[Data entries]
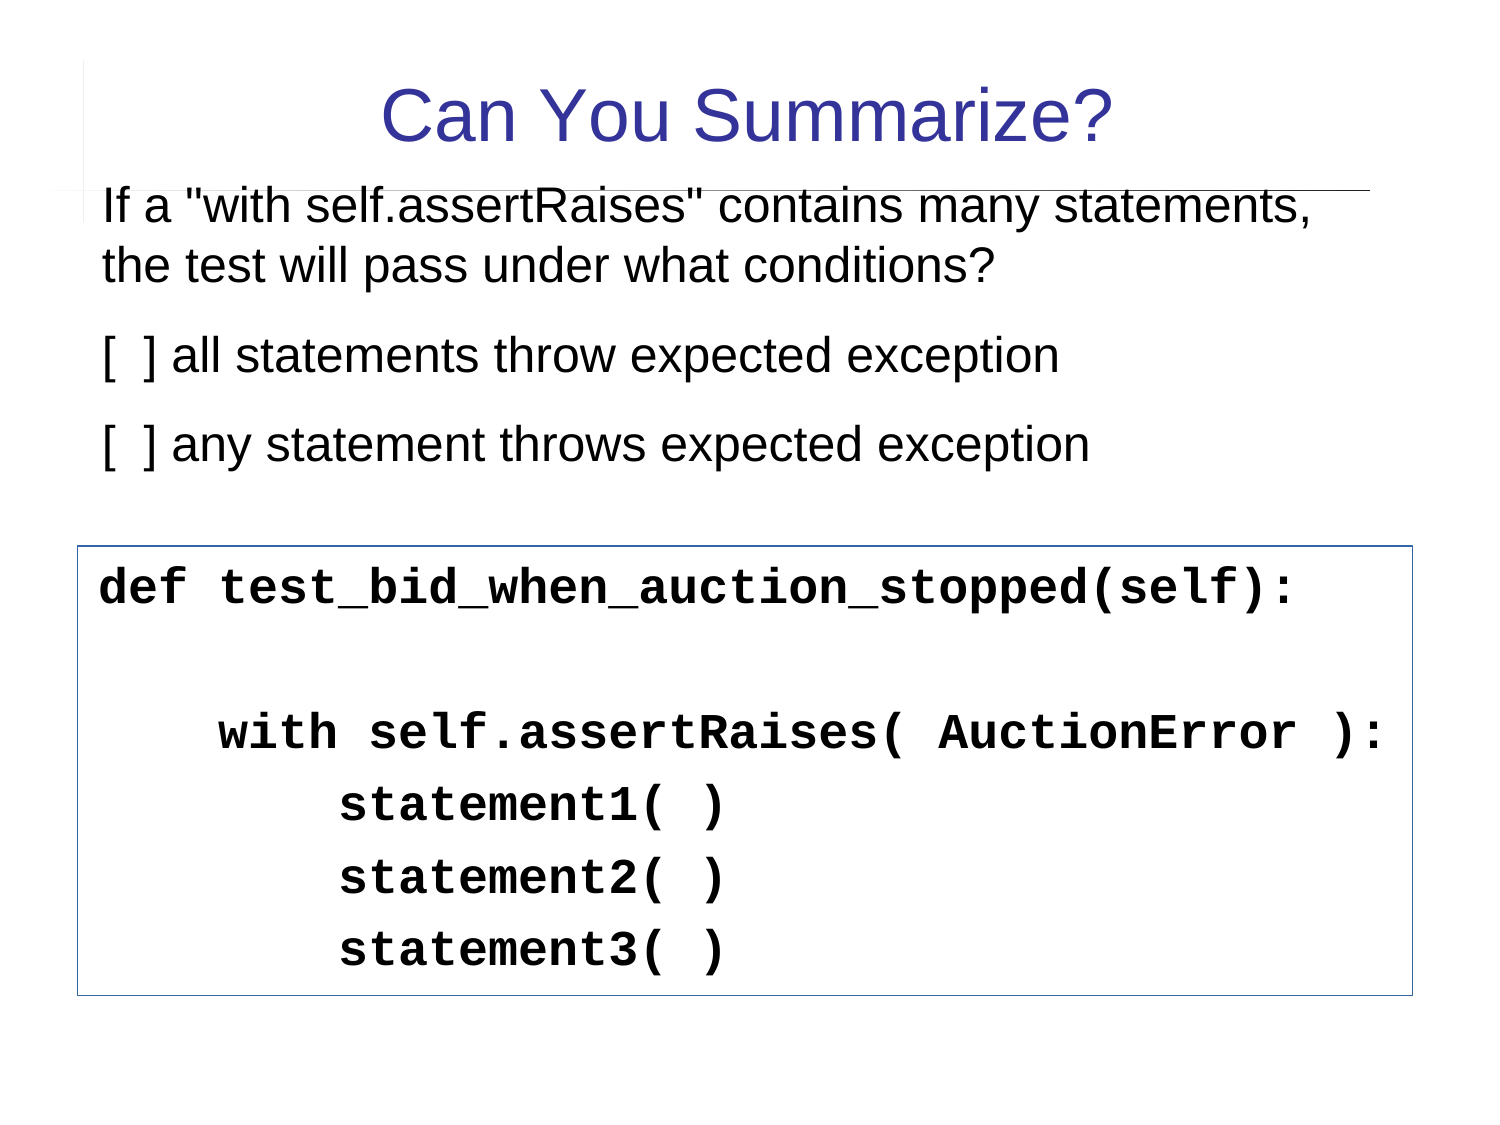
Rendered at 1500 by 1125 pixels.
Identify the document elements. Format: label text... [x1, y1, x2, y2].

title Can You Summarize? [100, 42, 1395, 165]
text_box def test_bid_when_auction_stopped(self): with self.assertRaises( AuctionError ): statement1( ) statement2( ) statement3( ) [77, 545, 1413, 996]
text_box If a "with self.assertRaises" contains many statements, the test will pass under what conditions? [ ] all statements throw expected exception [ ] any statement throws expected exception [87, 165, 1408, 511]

**EXERCISE AIM:** Print every line of the data exactly. Pictures do not belong in the copy.

**EXERCISE RESPONSE:**
Rendered at 1500 by 1125 pixels.
Identify the document elements. Format: label text... [x1, y1, x2, y2].

title Can You Summarize? [100, 42, 1395, 165]
text_box def test_bid_when_auction_stopped(self): with self.assertRaises( AuctionError ): statement1( ) statement2( ) statement3( ) [77, 545, 1413, 996]
text_box If a "with self.assertRaises" contains many statements, the test will pass under what conditions? [ ] all statements throw expected exception [ ] any statement throws expected exception [87, 165, 1408, 511]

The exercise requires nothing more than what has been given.